Screams have been going on for days. Or were them weeks, he wondered. 

It felt like an eternity since he woke up in the dark, with no memories of how he got there, no knowledge as to where that place even was. Though he too had joined the chorus of the wails, his throat had now grown to dry. If he wasn't already dead, Jaskier was sure he's end will be anon.

Geoffrey paced in front of the locked doors of the palace. He was inside, restless to the orders they have all received: the councilmen, the guards and a handful of loyal subjects, in Sylvain's vision, were instructed to stay inside the keep's most mortified construction. They had plentiness, peace and comfort, but no allowance to go out until their King so kindly agrees. 

And the King had not been seen since the order, away in some secret corner with the mage from Nilfgaard.
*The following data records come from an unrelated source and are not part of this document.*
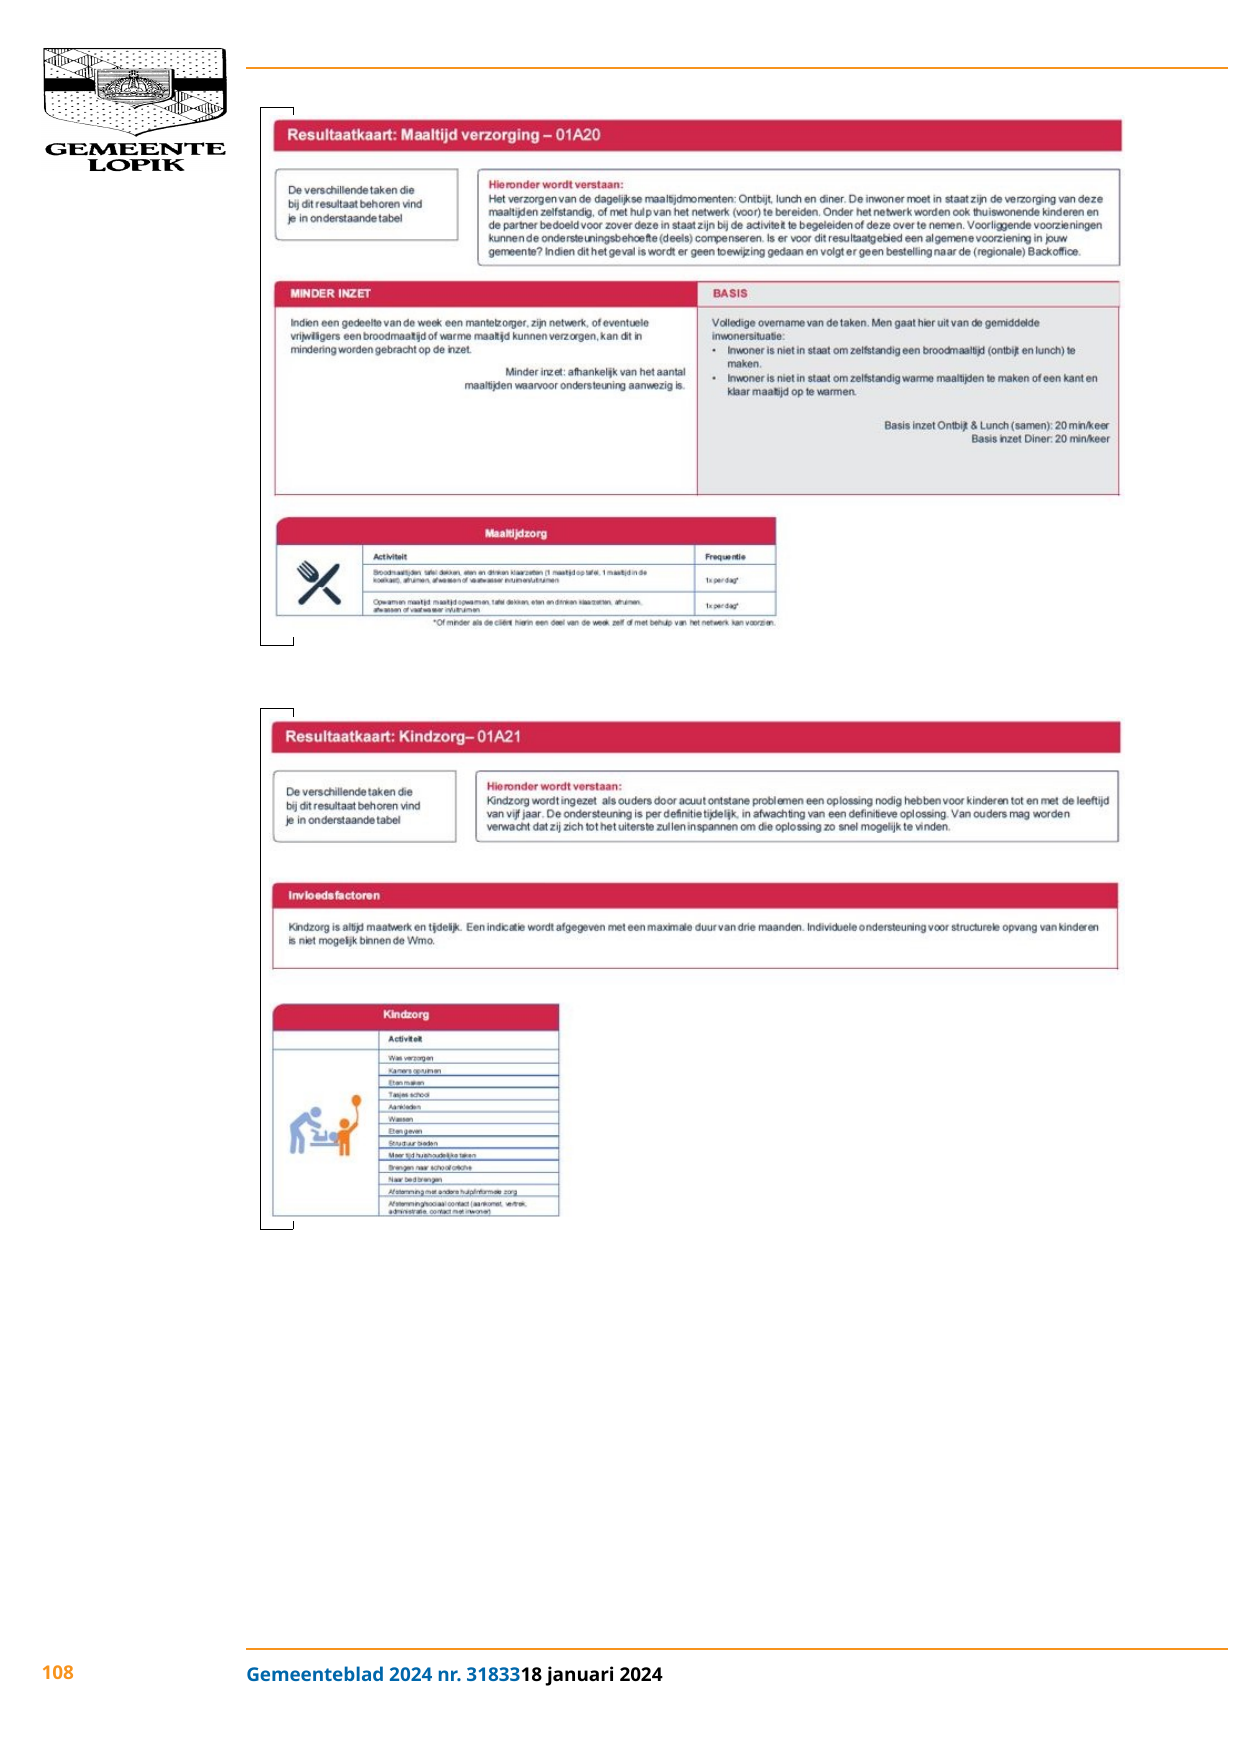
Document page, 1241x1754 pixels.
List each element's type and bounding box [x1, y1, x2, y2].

picture [268, 115, 1125, 637]
picture [268, 717, 1125, 1221]
picture [41, 47, 231, 172]
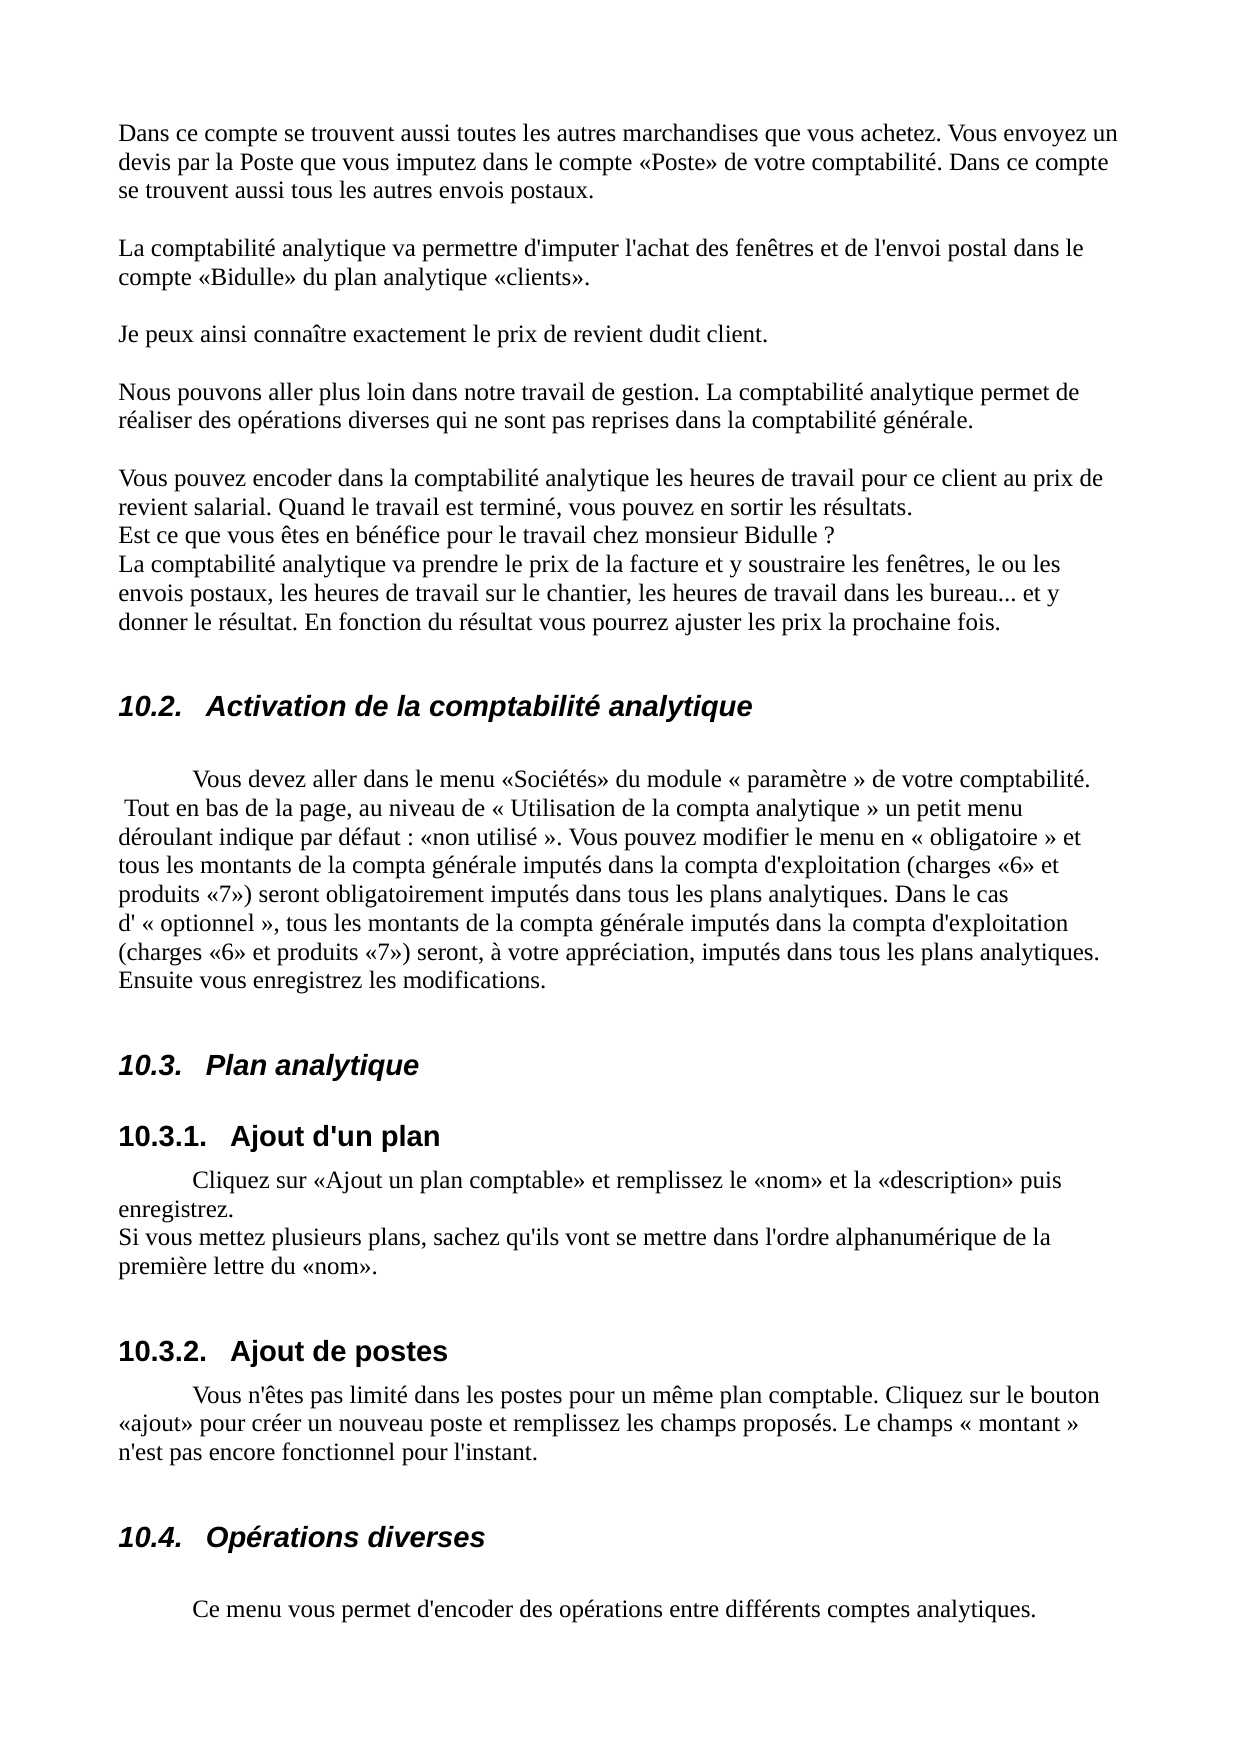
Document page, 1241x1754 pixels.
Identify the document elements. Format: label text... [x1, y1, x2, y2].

Oh, how Geoffrey's skin turned to goosebumps at the mere thought of that ghoulish presence, lurking and placing lies in the mind of one he once loved.

There was also the matter of bodies. A few nights back, a fellow knight swore he heard the front doors open, from the outside, and filled with curiosity, Geoffrey investigated enough to see trails of blood, signs of fights. 

Something strange was happening in Arcapan. Fireplaces warmed the halls, but the air was thick, there was only silence. Recently, all windows have been shut too, in barricades of woods they'd only ever use in midst of storms. In all that ruckus, only he cared to ask the question; no one could see the madness as well as he who saw the evergreen kindness before.

Though it was hard to admit it, alas, Sylvain had changed. Looking at him scared Geoffrey for a while and the second the mage insinuated there ever being a way to restore the King his legs, whatever darkness seeded in the king's mind from sorrow, grew into something far more dangerous.

"It's not possible," Geoffrey had insisted that very night, before the decisions had been made and all orders had been passed. He used to be able to bend Sylvain towards the right paths, by slightly risking his life against a fresher rage, yet that night was nothing but venom where once dripped honey. It was pain. "My father taught me how all magic demands a price to be paid and to grow your legs back, your Highness, that sounds like a dark magic with a dark sacrifice to it."

"Do I look like I cannot afford paying the price?" Sylvain's raspy voice replied. His neck was locked into the bow of his head heavy with a crown and a desire slowly winning him over. Pondering on the ground, his eyes slowly reached to look at where his legs used to be, where now was nothing but the margin of a chair. 

To Geoffrey, Sylvain sounded like his mother, willing to throw away an entire fortune. It was not money which worried the knight, but the possibility of a higher implication. "Even if the price turns out to be in flesh?"